The MRI data were acquired on a 3T Siemens TIM Trio, and include a 1\(\times\)1\(\times\)1mm \(T_1\)-weighted structural MRI (sMRI) as well as a large number of 3\(\times\)3\(\times\)\(\sim\)4mm \(T^*_2\)-weighted functional MRI (fMRI) EPI volumes acquired during 9 runs of the same task (performed by same subjects with different set of stimuli on a separate visit). (The FTP site also contains ME-FLASH data from the same subjects, plus DWI data from a subset, which could be used for improved head modelling for example, but these are not used here.) For full description of the data and paradigm, see Wakeman and Henson (2015).

Versions of the SPM12 batch job files and scripts used in this tutorial can be found here:

Note

It should be noted that the pipeline described below is just one possible sequence of processing steps, designed to illustrate some of the options available in SPM12. It is not necessarily the optimal preprocessing sequence, which really depends on the question being asked of the data.

Getting Started

Download the data from above FTP site. There are over 100GB of data in total, so you can start by just downloading one subject (e.g, Subject 15 that is used in the first demo below), and perhaps just their MEEG sub-directory initially (though you will need the T1 and BOLD sub-directories later)[^3]. Within the MEEG sub-directory, you will need all the MaxFiltered files (run_0[1-6]_sss.fif), the bad_channels.mat file and the Trials sub-directory. It will be much easier if you maintain this directory structure for your copy of the data.

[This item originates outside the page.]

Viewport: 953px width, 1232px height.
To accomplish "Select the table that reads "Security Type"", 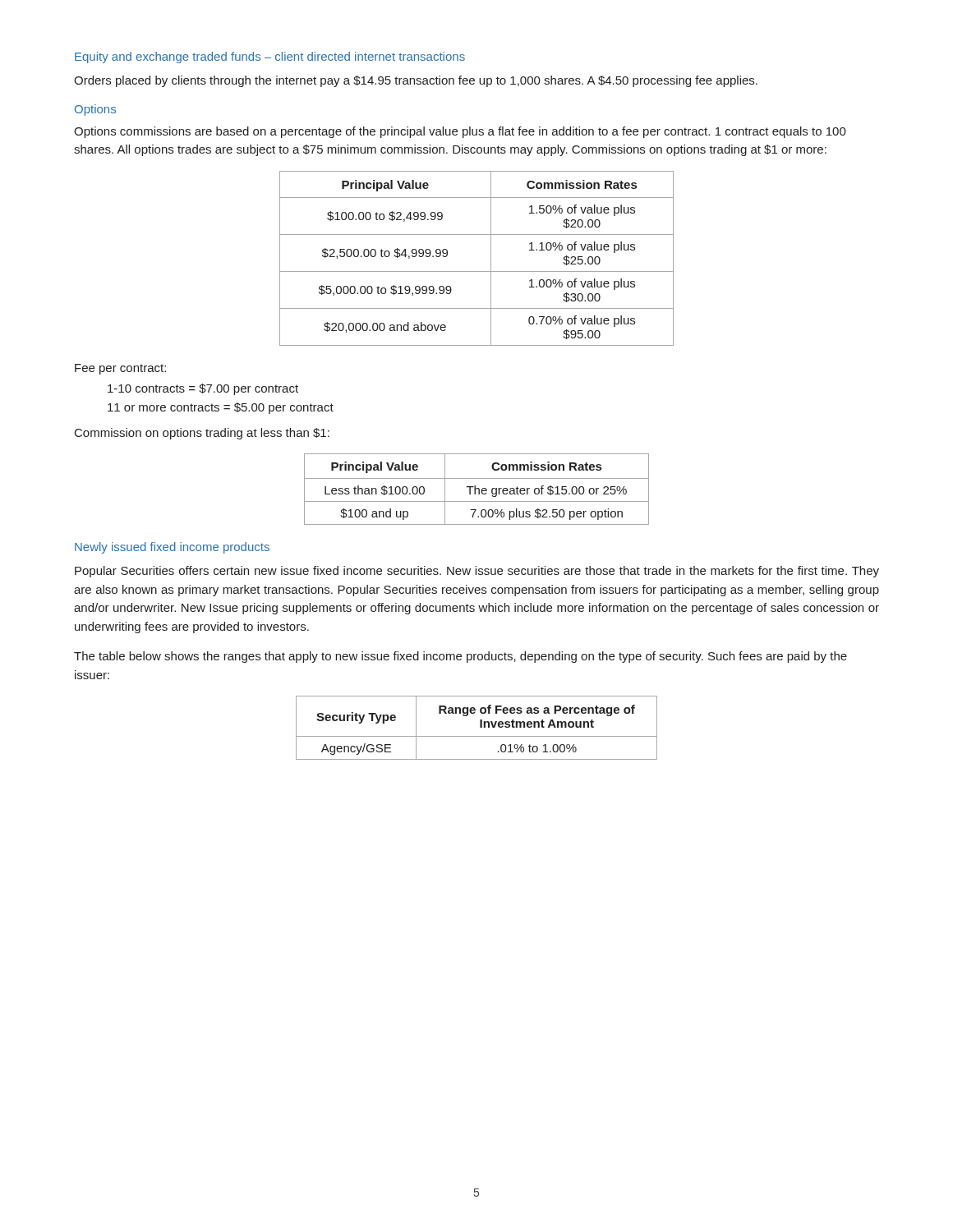I will 476,728.

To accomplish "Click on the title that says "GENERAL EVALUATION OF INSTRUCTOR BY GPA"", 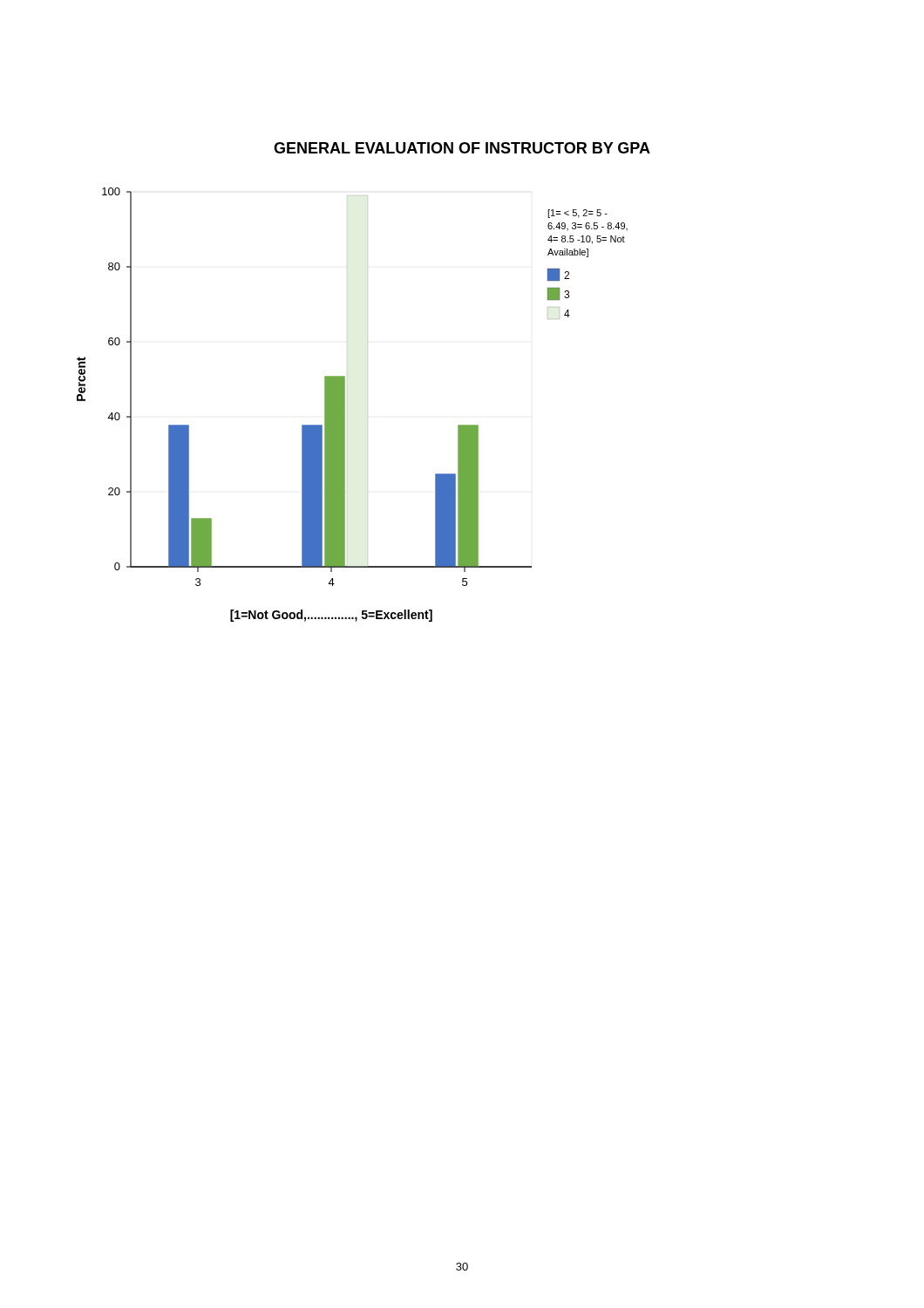I will point(462,148).
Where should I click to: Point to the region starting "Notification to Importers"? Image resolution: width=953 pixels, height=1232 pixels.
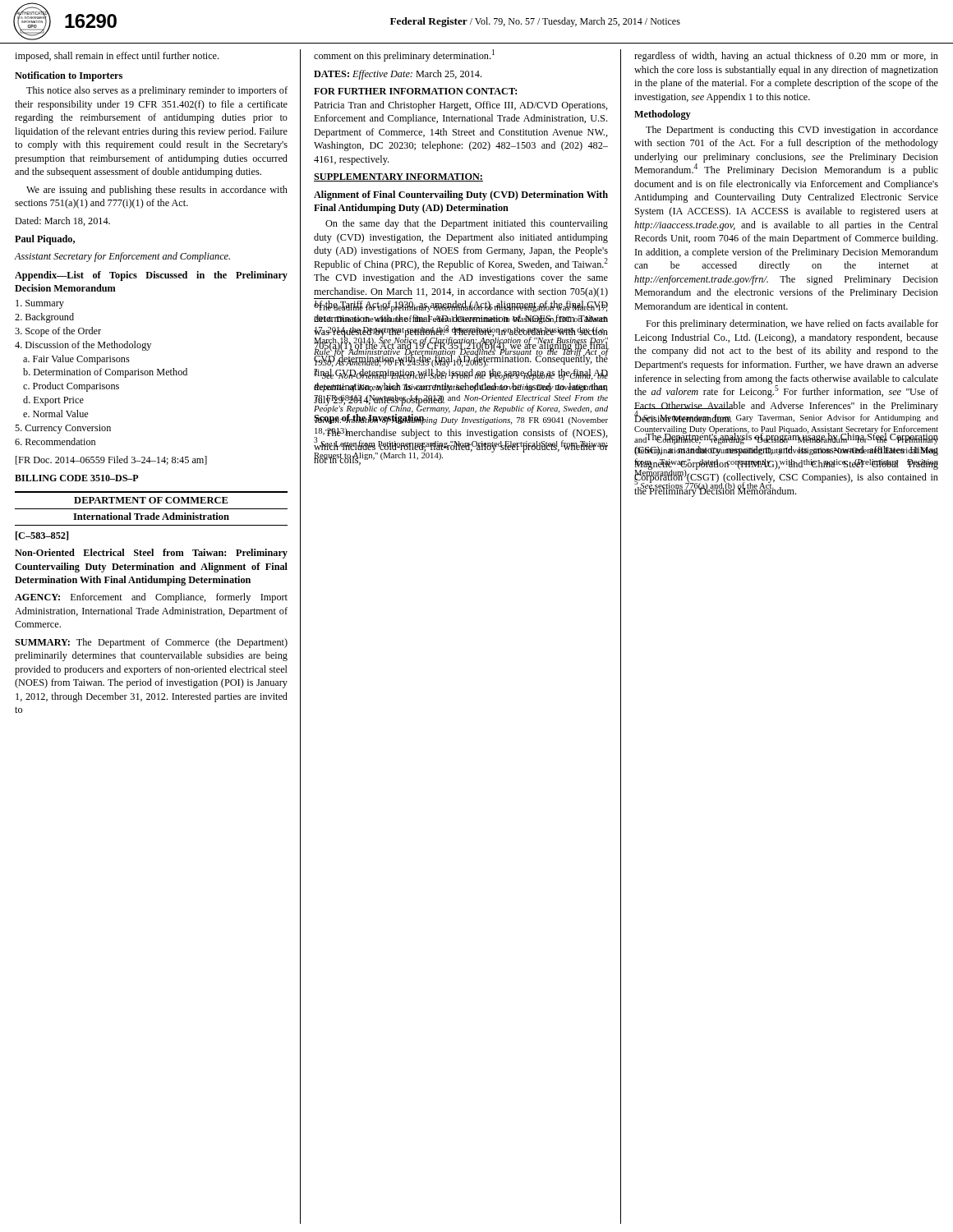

Open SPM12 and ensure it is set to the EEG modality. To do this, type spm eeg into the MATLAB command window. For this to work, SPM12 root folder must be in your MATLAB path.

Open the batch editor window by pressing Batch from the SPM Menu window. This opens the window shown below.

Screenshot of the Batch Editor. The Module List, Current Module Window and Current Item Windows are identified. The cursor highlights how to save the pipeline as a batch and script.